• [PROBLEM TO SOLVE]: Return all of the data verbatim, dropping any picture.
*** Block opens ***
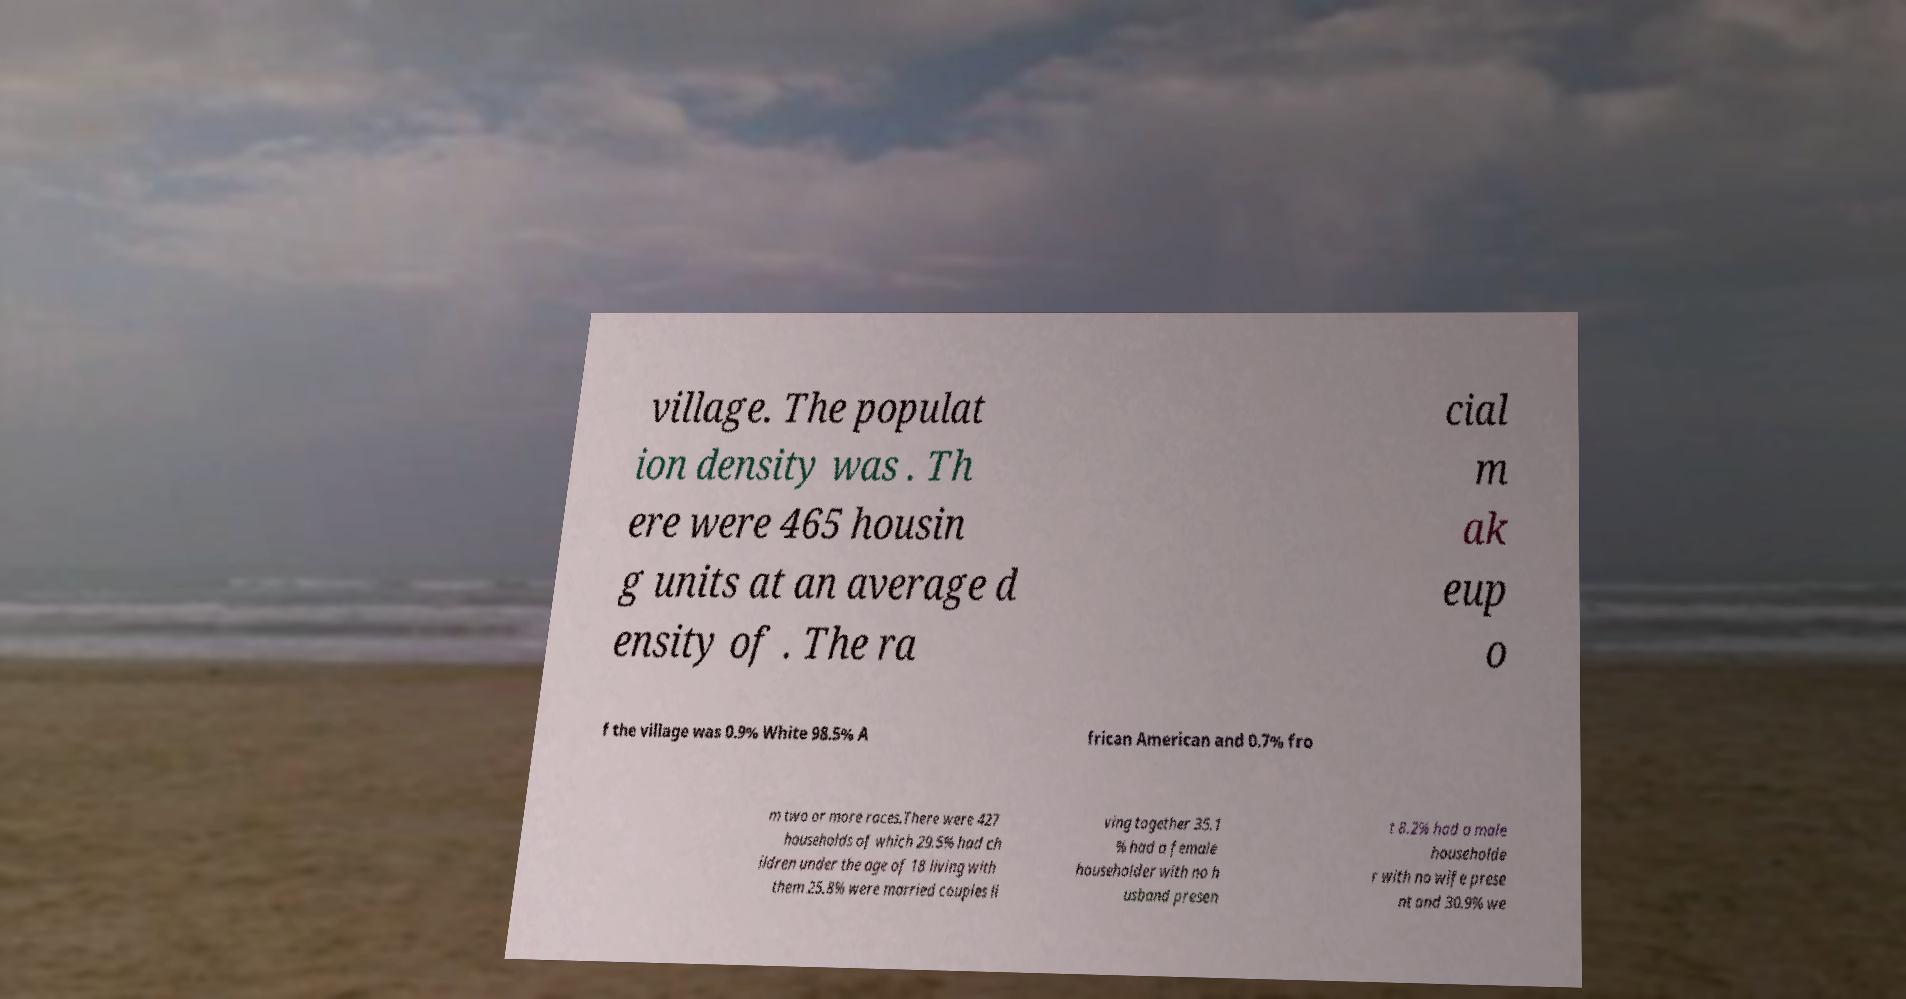Could you extract and type out the text from this image? village. The populat ion density was . Th ere were 465 housin g units at an average d ensity of . The ra cial m ak eup o f the village was 0.9% White 98.5% A frican American and 0.7% fro m two or more races.There were 427 households of which 29.5% had ch ildren under the age of 18 living with them 25.8% were married couples li ving together 35.1 % had a female householder with no h usband presen t 8.2% had a male householde r with no wife prese nt and 30.9% we 
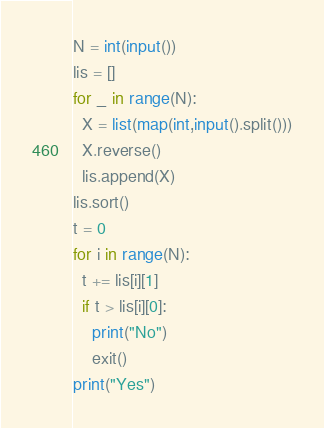Convert code to text. <code><loc_0><loc_0><loc_500><loc_500><_Python_>N = int(input())
lis = []
for _ in range(N):
  X = list(map(int,input().split()))
  X.reverse()
  lis.append(X)
lis.sort()
t = 0
for i in range(N):
  t += lis[i][1]
  if t > lis[i][0]:
    print("No")
    exit()
print("Yes")</code> 
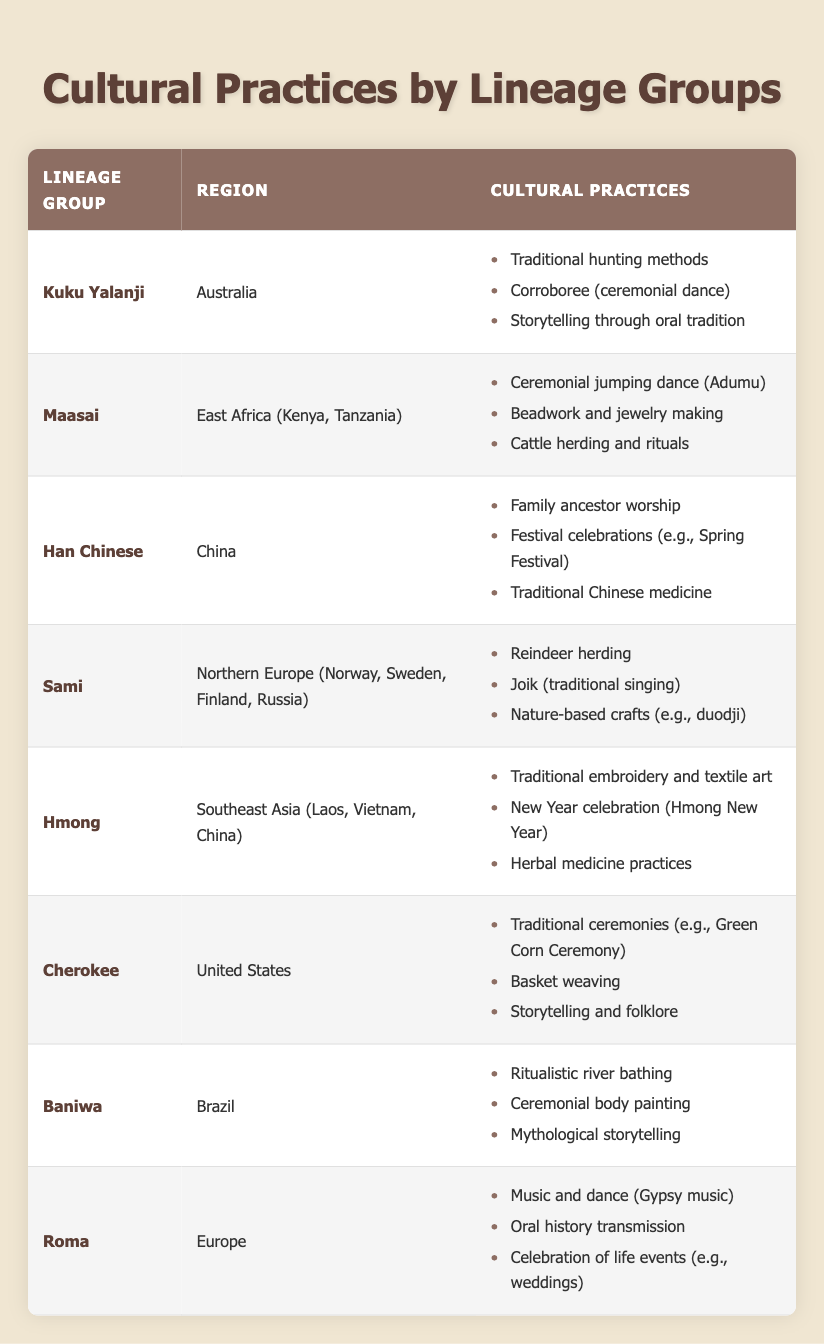What cultural practices are associated with the Kuku Yalanji lineage group? The Kuku Yalanji lineage group is associated with three specific cultural practices: traditional hunting methods, corroboree (ceremonial dance), and storytelling through oral tradition. These practices can be found in the relevant row of the table under the Kuku Yalanji entry.
Answer: Traditional hunting methods, corroboree (ceremonial dance), storytelling through oral tradition Which lineage group from Southeast Asia practices herbal medicine? The Hmong lineage group from Southeast Asia is noted for practicing herbal medicine, as indicated in their row where this practice is listed alongside traditional embroidery and textile art, and the New Year celebration.
Answer: Hmong Does the Cherokee lineage group engage in basket weaving? Yes, the Cherokee lineage group does engage in basket weaving, as confirmed in their row where basket weaving is explicitly mentioned as one of their cultural practices.
Answer: Yes How many cultural practices are associated with the Maasai lineage group? The Maasai lineage group has three cultural practices listed: ceremonial jumping dance (Adumu), beadwork and jewelry making, and cattle herding and rituals. Counting these practices gives a total of three.
Answer: Three Which lineage groups have storytelling as a cultural practice? The Kuku Yalanji, Cherokee, and Baniwa lineage groups all have storytelling listed as a cultural practice. The Kuku Yalanji engage in storytelling through oral tradition, the Cherokee engage in storytelling and folklore, and the Baniwa practice mythological storytelling. This means that there are three lineage groups.
Answer: Kuku Yalanji, Cherokee, Baniwa What percentage of the lineage groups listed in the table are from America? There are 8 lineage groups in total, and 2 of them (Cherokee) are from America. To find the percentage, we calculate (2/8) * 100%, which equals 25%. Therefore, 25% of the lineage groups are from America.
Answer: 25% Which cultural practice is unique to the Sami lineage group? The Sami lineage group exhibits reindeer herding as a cultural practice, which is not mentioned under any other lineage group in the table. This unique practice is only associated with the Sami.
Answer: Reindeer herding Are there any lineage groups that practice both music and dance? Yes, the Roma lineage group practices both music and dance, specifically through Gypsy music and celebrations of life events which often include dancing. Additionally, the Kuku Yalanji also include ceremonial dance (corroboree) as part of their cultural practices.
Answer: Yes 
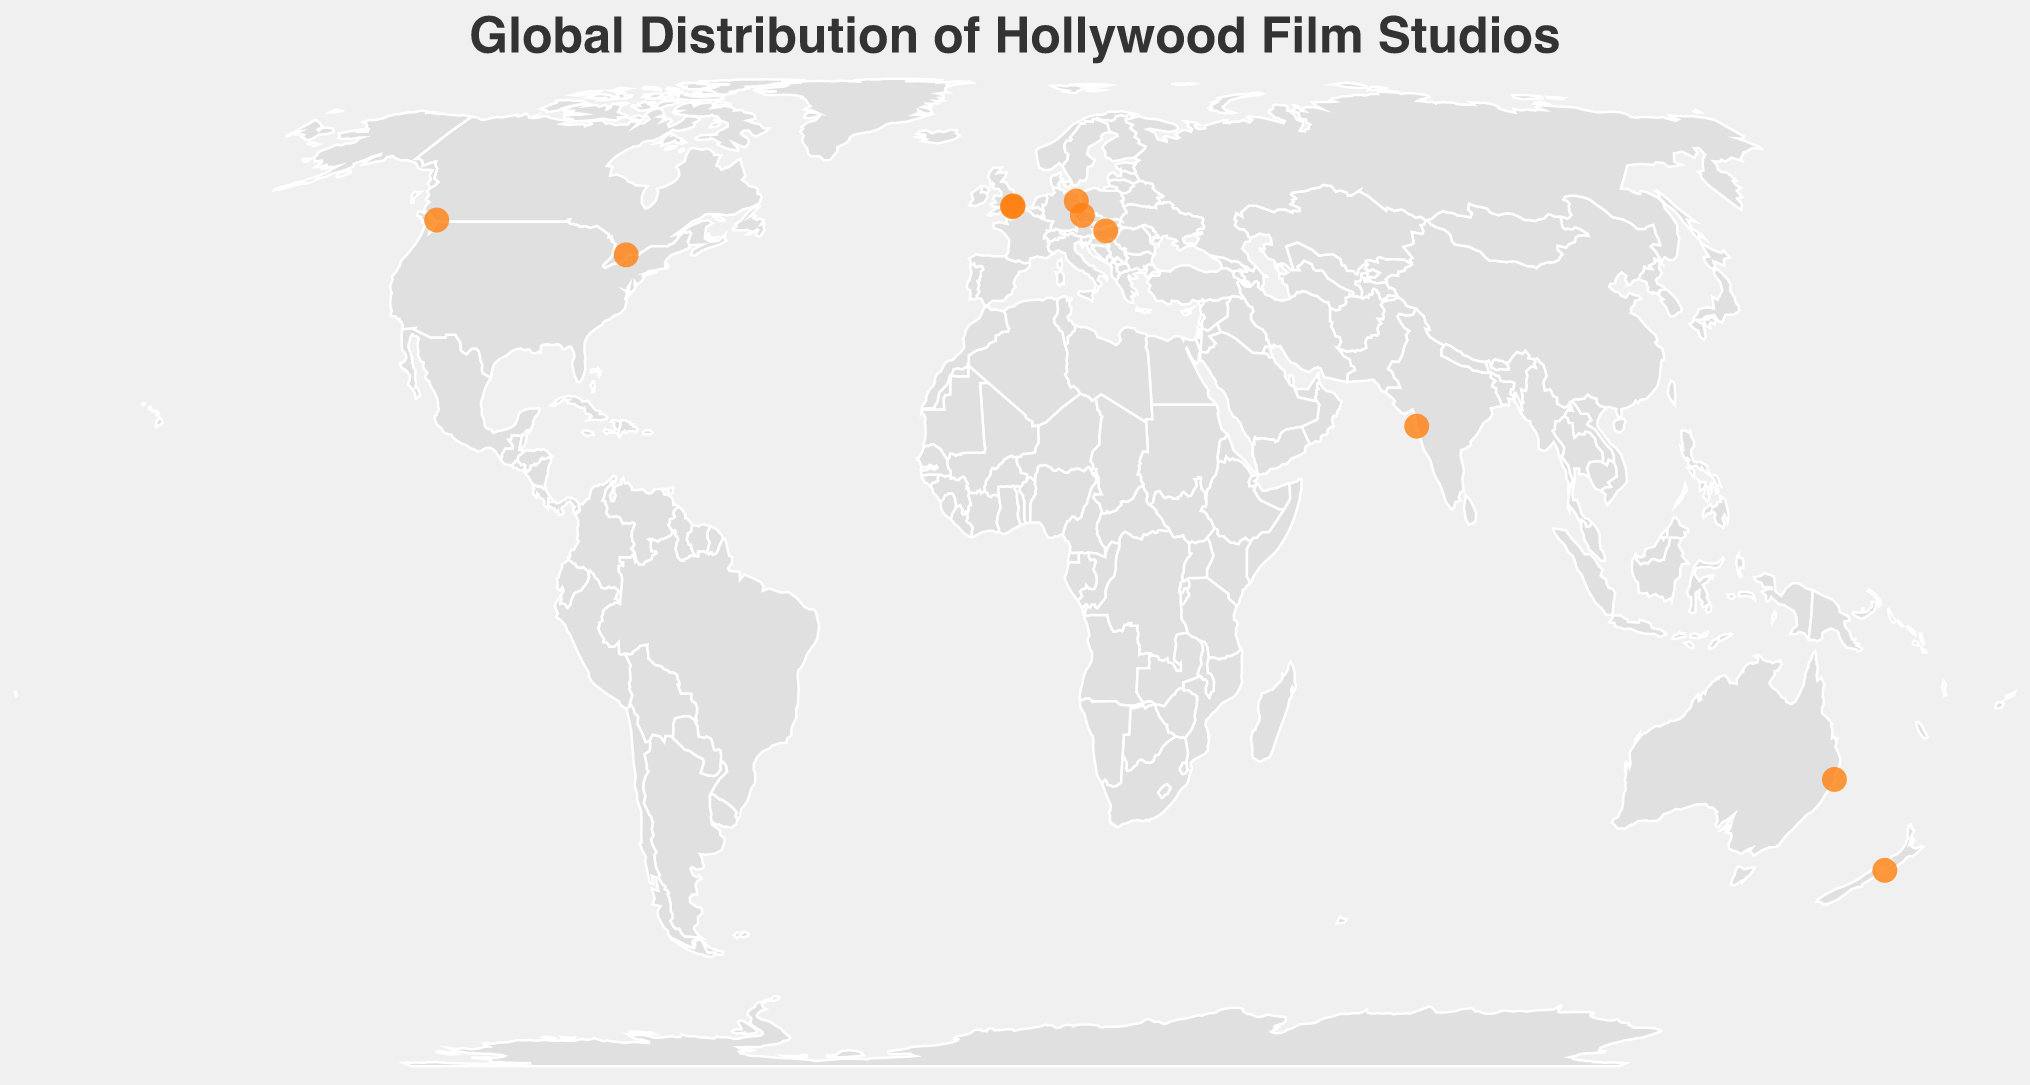What is the title of the plot? The title is usually located at the top of the plot and in this case, it's specified in the data provided.
Answer: Global Distribution of Hollywood Film Studios Which studio has an international production location in Toronto, Canada? Locate the point representing Toronto, Canada on the plot and identify the studio from the tooltip.
Answer: Paramount Pictures How many studios have their headquarters in Burbank, CA, USA? Identify all the points that mention "Burbank CA USA" as their headquarters.
Answer: 3 studios: Warner Bros., Walt Disney Studios, New Line Cinema What is the furthest production location from Los Angeles, CA, USA? Measure the distance between Los Angeles and all international production locations and find the maximum.
Answer: Wellington, New Zealand Which studio's international production location is in Berlin, Germany? Find the point on the map representing Berlin, Germany and check the tooltip for the studio.
Answer: Sony Pictures Compare the number of international production locations in Europe versus North America. Which continent has more? Identify and count all the international production locations in each continent from the figure.
Answer: Europe has 4, North America has 2. Europe has more Which two studios have international production locations in the UK? Find the points representing locations in the UK and identify the studios from the tooltip.
Answer: Warner Bros. and Walt Disney Studios What type of projection is used for this geographic plot? The type of projection can often be found in the title or description of the plot.
Answer: Equal Earth What is the common color used for the points representing production locations? The color of the points can be observed visually from the figure.
Answer: Orange Which studio has an international production location closest to its headquarters in terms of geographical distance? Measure the geographical distance between each headquarters and its corresponding international production location and identify the smallest.
Answer: Lionsgate (Vancouver, Canada to Santa Monica, CA, USA) 
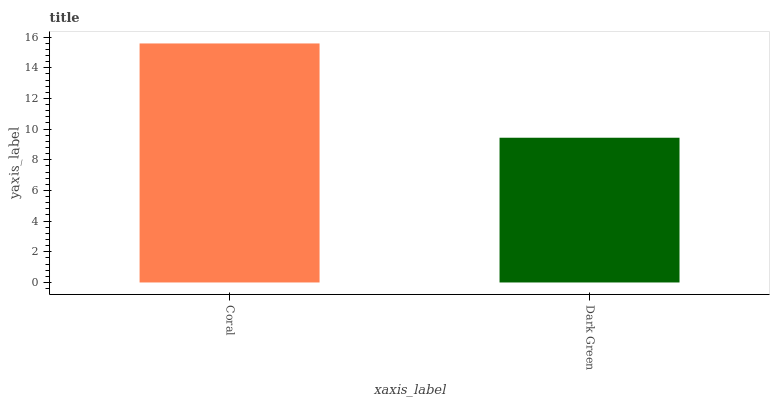Is Dark Green the minimum?
Answer yes or no. Yes. Is Coral the maximum?
Answer yes or no. Yes. Is Dark Green the maximum?
Answer yes or no. No. Is Coral greater than Dark Green?
Answer yes or no. Yes. Is Dark Green less than Coral?
Answer yes or no. Yes. Is Dark Green greater than Coral?
Answer yes or no. No. Is Coral less than Dark Green?
Answer yes or no. No. Is Coral the high median?
Answer yes or no. Yes. Is Dark Green the low median?
Answer yes or no. Yes. Is Dark Green the high median?
Answer yes or no. No. Is Coral the low median?
Answer yes or no. No.
*** Block closes ***
• [REPLY]:
Could you extract and type out the text from this image? village. The populat ion density was . Th ere were 465 housin g units at an average d ensity of . The ra cial m ak eup o f the village was 0.9% White 98.5% A frican American and 0.7% fro m two or more races.There were 427 households of which 29.5% had ch ildren under the age of 18 living with them 25.8% were married couples li ving together 35.1 % had a female householder with no h usband presen t 8.2% had a male householde r with no wife prese nt and 30.9% we 
Convert code to text. <code><loc_0><loc_0><loc_500><loc_500><_Python_>N = int(input())
lis = []
for _ in range(N):
  X = list(map(int,input().split()))
  X.reverse()
  lis.append(X)
lis.sort()
t = 0
for i in range(N):
  t += lis[i][1]
  if t > lis[i][0]:
    print("No")
    exit()
print("Yes")</code> 
What cultural practices are associated with the Kuku Yalanji lineage group? The Kuku Yalanji lineage group is associated with three specific cultural practices: traditional hunting methods, corroboree (ceremonial dance), and storytelling through oral tradition. These practices can be found in the relevant row of the table under the Kuku Yalanji entry.
Answer: Traditional hunting methods, corroboree (ceremonial dance), storytelling through oral tradition Which lineage group from Southeast Asia practices herbal medicine? The Hmong lineage group from Southeast Asia is noted for practicing herbal medicine, as indicated in their row where this practice is listed alongside traditional embroidery and textile art, and the New Year celebration.
Answer: Hmong Does the Cherokee lineage group engage in basket weaving? Yes, the Cherokee lineage group does engage in basket weaving, as confirmed in their row where basket weaving is explicitly mentioned as one of their cultural practices.
Answer: Yes How many cultural practices are associated with the Maasai lineage group? The Maasai lineage group has three cultural practices listed: ceremonial jumping dance (Adumu), beadwork and jewelry making, and cattle herding and rituals. Counting these practices gives a total of three.
Answer: Three Which lineage groups have storytelling as a cultural practice? The Kuku Yalanji, Cherokee, and Baniwa lineage groups all have storytelling listed as a cultural practice. The Kuku Yalanji engage in storytelling through oral tradition, the Cherokee engage in storytelling and folklore, and the Baniwa practice mythological storytelling. This means that there are three lineage groups.
Answer: Kuku Yalanji, Cherokee, Baniwa What percentage of the lineage groups listed in the table are from America? There are 8 lineage groups in total, and 2 of them (Cherokee) are from America. To find the percentage, we calculate (2/8) * 100%, which equals 25%. Therefore, 25% of the lineage groups are from America.
Answer: 25% Which cultural practice is unique to the Sami lineage group? The Sami lineage group exhibits reindeer herding as a cultural practice, which is not mentioned under any other lineage group in the table. This unique practice is only associated with the Sami.
Answer: Reindeer herding Are there any lineage groups that practice both music and dance? Yes, the Roma lineage group practices both music and dance, specifically through Gypsy music and celebrations of life events which often include dancing. Additionally, the Kuku Yalanji also include ceremonial dance (corroboree) as part of their cultural practices.
Answer: Yes 
What is the title of the plot? The title is usually located at the top of the plot and in this case, it's specified in the data provided.
Answer: Global Distribution of Hollywood Film Studios Which studio has an international production location in Toronto, Canada? Locate the point representing Toronto, Canada on the plot and identify the studio from the tooltip.
Answer: Paramount Pictures How many studios have their headquarters in Burbank, CA, USA? Identify all the points that mention "Burbank CA USA" as their headquarters.
Answer: 3 studios: Warner Bros., Walt Disney Studios, New Line Cinema What is the furthest production location from Los Angeles, CA, USA? Measure the distance between Los Angeles and all international production locations and find the maximum.
Answer: Wellington, New Zealand Which studio's international production location is in Berlin, Germany? Find the point on the map representing Berlin, Germany and check the tooltip for the studio.
Answer: Sony Pictures Compare the number of international production locations in Europe versus North America. Which continent has more? Identify and count all the international production locations in each continent from the figure.
Answer: Europe has 4, North America has 2. Europe has more Which two studios have international production locations in the UK? Find the points representing locations in the UK and identify the studios from the tooltip.
Answer: Warner Bros. and Walt Disney Studios What type of projection is used for this geographic plot? The type of projection can often be found in the title or description of the plot.
Answer: Equal Earth What is the common color used for the points representing production locations? The color of the points can be observed visually from the figure.
Answer: Orange Which studio has an international production location closest to its headquarters in terms of geographical distance? Measure the geographical distance between each headquarters and its corresponding international production location and identify the smallest.
Answer: Lionsgate (Vancouver, Canada to Santa Monica, CA, USA) 
Is Dark Green the minimum?
Answer yes or no. Yes. Is Coral the maximum?
Answer yes or no. Yes. Is Dark Green the maximum?
Answer yes or no. No. Is Coral greater than Dark Green?
Answer yes or no. Yes. Is Dark Green less than Coral?
Answer yes or no. Yes. Is Dark Green greater than Coral?
Answer yes or no. No. Is Coral less than Dark Green?
Answer yes or no. No. Is Coral the high median?
Answer yes or no. Yes. Is Dark Green the low median?
Answer yes or no. Yes. Is Dark Green the high median?
Answer yes or no. No. Is Coral the low median?
Answer yes or no. No.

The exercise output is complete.